Videogiochi, cosa dicono gli ultimi dati delle vendite in Italia

Videogiochi, cosa dicono gli ultimi dati delle vendite in Italia

Il settore del gaming, anno dopo anno, cresce esponenzialmente a livello globale. La storia dei videogiochi ha origini ormai lontane dalle nuove generazioni, che ne vivono solo l’incredibile e continua evoluzione. Il primo videogioco interattivo risale al 1961 e prende il nome di “Spacewar!”. Da quel momento il successo dei videogames prende sempre più il sopravvento. La vera e propria svolta arriva a metà degli anni ’80, quando due colossi come la Nintendo e la Sega gettano le basi di uno scontro memorabile. Tra gli anni novanta e gli anni duemila anche la Sony e la Microsoft si inseriscono nel mercato delle console. Con l’avvento della Playstation, dell’XBOX, del Nintendo DS e delle recenti e progressive evoluzioni di queste e di molte altre innovazioni, i videogiochi diventano un must di un’enorme fetta della popolazione italiana e mondiale. A tal proposito, scopriamo quali sono gli ultimi dati delle vendite dei videogiochi in Italia. 

Secondo quanto riportato da una ricerca condotta dalla Censis, in collaborazione con Iidea, il settore del gaming nel nostro paese è estremamente sviluppato. Si contano più di 17 milioni di videogiocatori, che costruiscono un rapporto sempre più solido con la realtà dei videogiochi. Il rapporto sulle vendite effettuate nel 2020, rispetto all’anno precedente, è notevolmente aumentato. Parliamo di guadagni per oltre 2 miliardi di euro, una cifra monstre che sembra essere destinata a salire e a crescere con il passare del tempo. Nel caso in cui si decidesse di investire sull’industria del gaming, infatti, si produrrebbe una mole incredibile di sbocchi lavorativi e una cifra pari a 360 milioni di euro di investimenti privati. I numeri parlano chiaro e ci raccontano di quanto sia stretta la relazione tra gli italiani e i giochi elettronici.

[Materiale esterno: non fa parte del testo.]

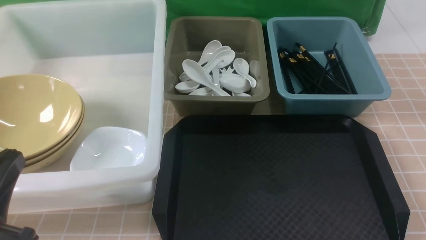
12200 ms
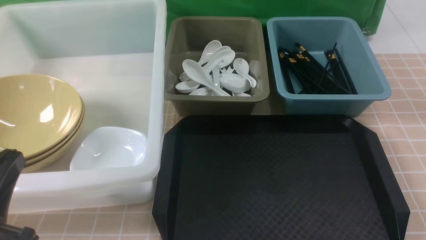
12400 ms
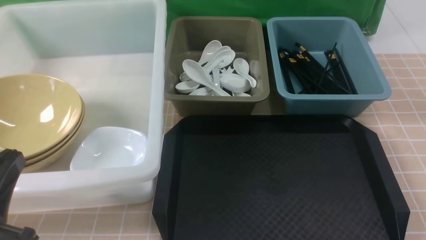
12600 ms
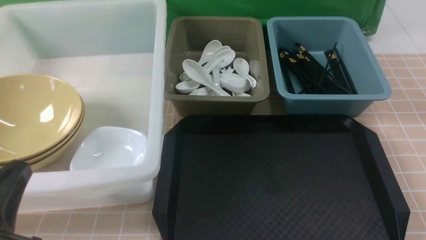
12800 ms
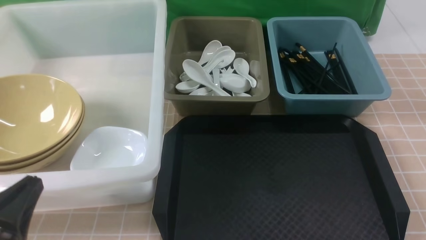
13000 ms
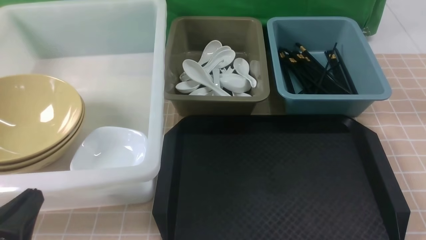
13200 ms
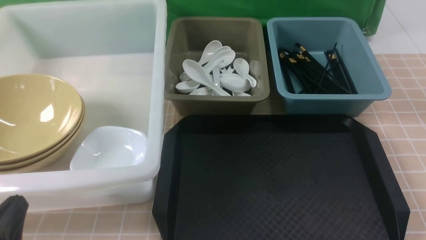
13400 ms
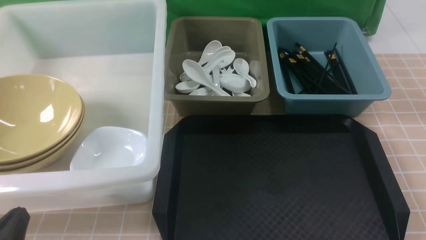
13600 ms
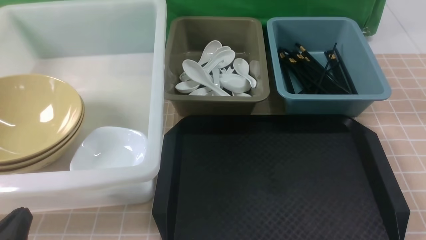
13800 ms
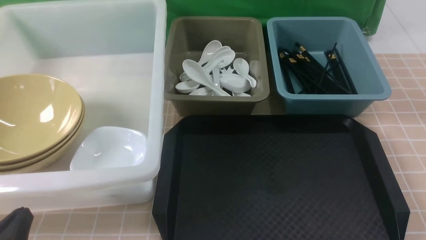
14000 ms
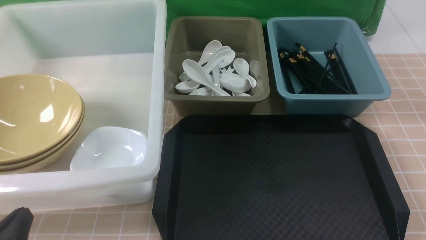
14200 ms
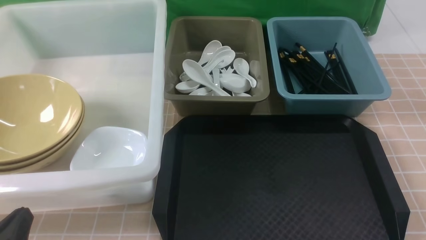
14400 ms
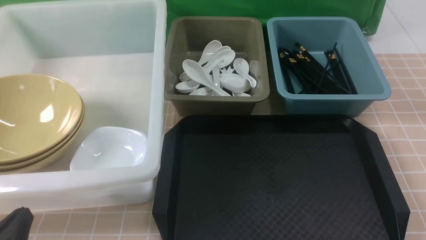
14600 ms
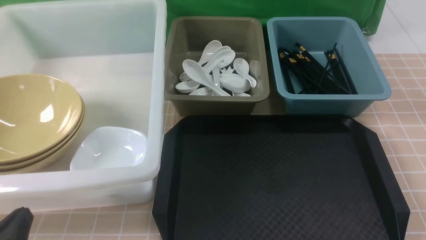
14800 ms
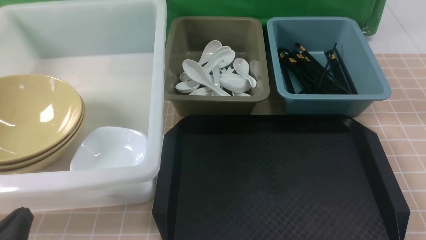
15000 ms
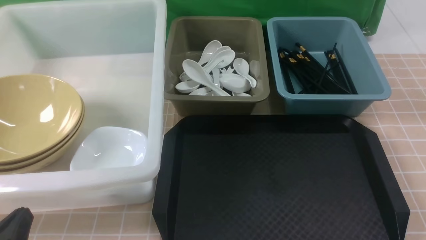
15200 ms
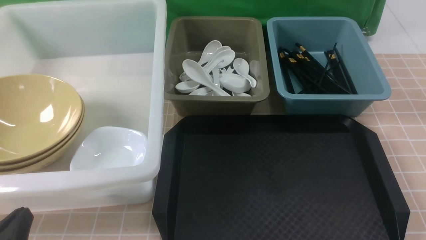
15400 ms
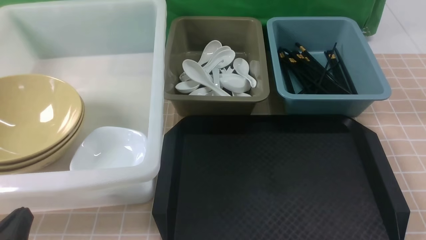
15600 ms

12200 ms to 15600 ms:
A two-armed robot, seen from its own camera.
Task of the whole recording: on brown table put chopsticks spoon bowls plates into blue grey white boxes.
12200 ms to 13800 ms: The left gripper heads downward, covering approximately 10 cm.
13800 ms to 15600 ms: Both grippers stay put.

Questo viene confermato anche dai recenti sondaggi che sono stati effettuati nel nostro paese, a testimonianza di quanto il popolo italiano creda nella forza dell’industria del gaming. Come abbiamo già anticipato precedentemente, lo sviluppo del settore in questione potrebbe portare i giovani ad aprirsi delle porte nel mondo del lavoro. Questo è il pensiero del 60% degli italiani. Una grandissima fetta della popolazione nazionale ritiene i videogiochi una possibilità di svago e di socializzazione, benefici che lievitano il numero delle vendite e che, conseguentemente, lasciano spazio ad una più celere ripresa economica. Secondo una ricerca della rivista “Frontiers in Human Neuroscience”, i videogames incrementerebbero anche le capacità di problem solving, qualità sempre più richieste nei curricula vitae. 

Sempre più sviluppati sono anche gli aspetti relativi all’accessibilità dei videogiochi, che permettono a chi ne usufruisce, grazie all’avvento delle console e degli smartphone, di giocarci ovunque e in qualsiasi momento. C’è sempre meno spazio per i videogiochi arcade, presenti ormai quasi solo ed esclusivamente nel panorama delle slot machine in rete o nelle sale giochi. La maggiore accessibilità odierna, infatti, favorisce l’accelerazione del processo che lega i giochi elettronici agli aspetti sociali e intellettivi. Altri studi, inoltre, hanno scoperto ulteriori benefici tratti dall’utilizzo dei videogiochi. Tra questi ultimi c’è anche quello legato alla vista: guardare i dettagli sul proprio schermo, infatti, favorirebbe la distinzione dei colori, delle sfumature e la percezione dei dettagli più piccoli.